Birol Biçer: Novus ordo seclorum : Komplo teorisyenlerinin vazgeçilmez teması

Novus ordo seclorum : Komplo teorisyenlerinin vazgeçilmez teması
Giriş Tarihi: 21.10.2021 14:54 Son Güncelleme: 21.10.2021 14:54
Komplo teorileri arasında akla hayale gelmedik nice senaryo söz konusu ancak hiç şüphesiz Yeni Dünya Düzeni ile onu tamamlayan Dünyayı Yöneten Gizli Elitler teorileri bunların en gözdeleri arasında. Dahası bu temanın akla hayale gelmeyen uyarlamaları üretilmiş durumda

Yeni Dünya Düzeni… Bu tamlamayı son dönemlerde devlet başkanlarından, strateji uzmanlarından, askerlerden, diplomatlardan ve yazarlardan giderek daha sık duyar olduk. Uluslararası diplomasi ve strateji alanlarının hayli gözde bir kavramı olan ve her önemli gelişmeden sonra gelecek durumu öngörmek adına yapılan tahlillerin vazgeçilmezi olan Yeni Dünya Düzeni kavramının bir de fanatikleri var. Bu kavrama bir bağımlı gibi yapışmış ve dünyadaki hemen hemen her gelişmeyi bu mefhumun merceğinden görenler. Nam-ı diğer komplo teorisyenleri ve onların müdavimleri…

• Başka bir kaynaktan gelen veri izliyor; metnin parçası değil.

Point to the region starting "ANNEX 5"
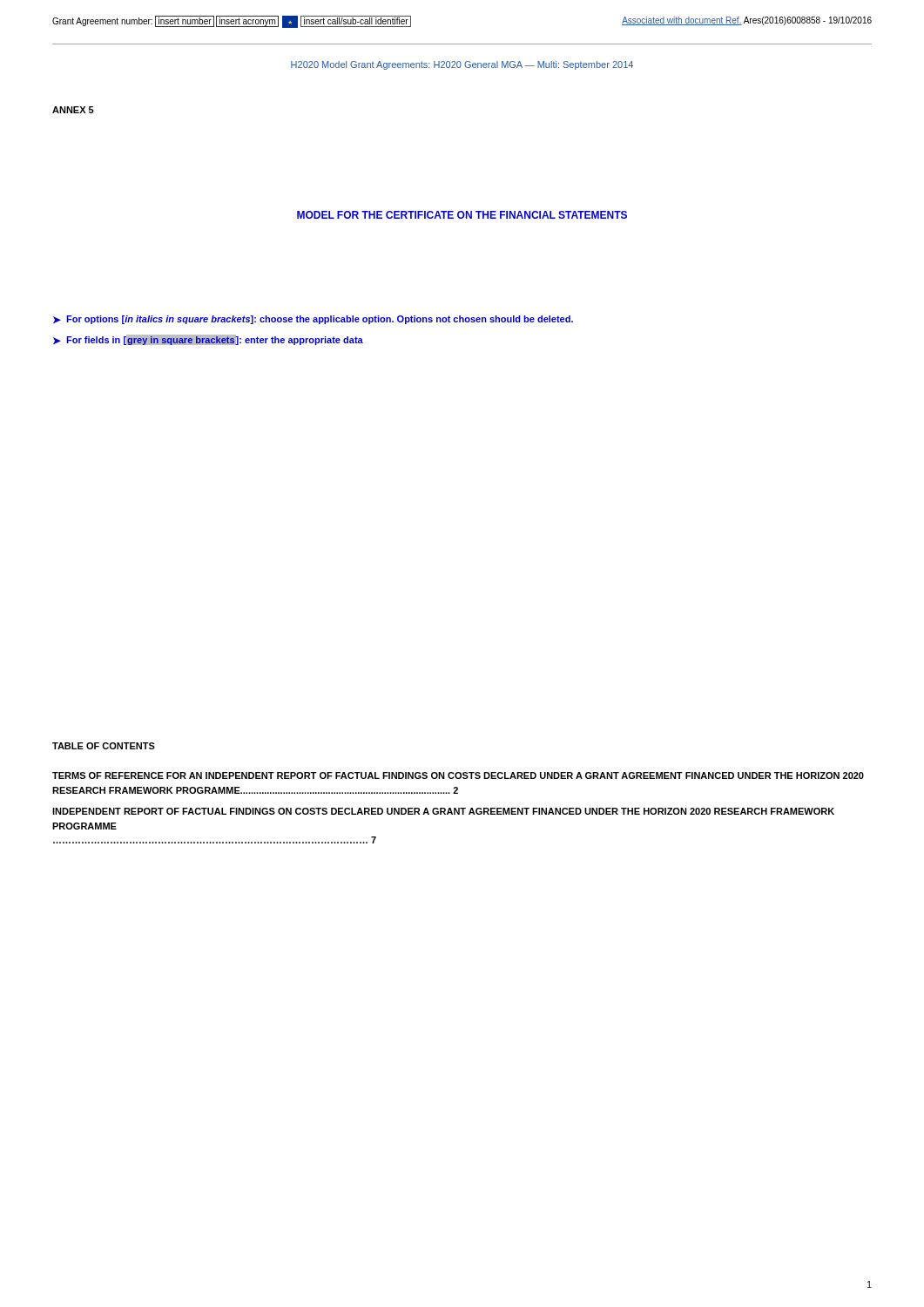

Evet, gerçekten de uluslararası ilişkilerin ve güç mücadelelerinin kritik safhalarında, kırılma noktalarında ya da meydana gelen mücbir sebepler dolayısıyla dünya dengelerinin ve nizamının yeni aktörler tarafından değiştirilmek istenmesi gayet açık bir gerçek. Öte yandan bilgiyi, sermayeyi, politik ve askeri gücü ya da finansal gücü ellerinde tutan elitlerin dünya düzeni üzerinde sürekli bir ayar verme, yeniden düzenleme, güncelleme gayretleri de eşyanın tabiatına ve insanın eğilimlerine uygun gerçekler. Dolayısıyla daima bir Yeni Dünya Nizamı ve daima Dünyayı Yöneten Elitler söz konusu olacak; bu kaçınılmaz.

Komplo teorisyenleri perdesi

Asıl sorun bu dümdüz aşikâr ve mutat hakikatin bizzat komplo teorisyenleri tarafından eğilip bükülerek, belge ve delillerden mahrum şekilde savunularak, çoğu zaman abartılarak, çeşitlemelerle ve yeni uyarlamalarla zenginleştirilerek ve tutarsız fantastik senaryolara dönüştürülerek inanılmaz hatta gülünç hale getirilmeleri ve bir hakikatin şirazesinden çıkarılarak komplo teorilerine dönüştürülmesi.

Bir başka deyişle sürekli vaveylalarla sözde insanlığı, kendini bekleyen büyük tuzaklara ve komplolara karşı uyaran komplo teorisyenlerinin başlıca fonksiyonlarının fiiliyatta gerçekleri abartarak inanılmaz, itibar edilmez hale getirmek olduğu söylenebilir. Bu durumda bir komplocu olsaydım yapacağım ilk iş herhalde beni ölçüsüzce abartarak ifşa edecek bir komplo teorisyeni istihdam etmek olurdu.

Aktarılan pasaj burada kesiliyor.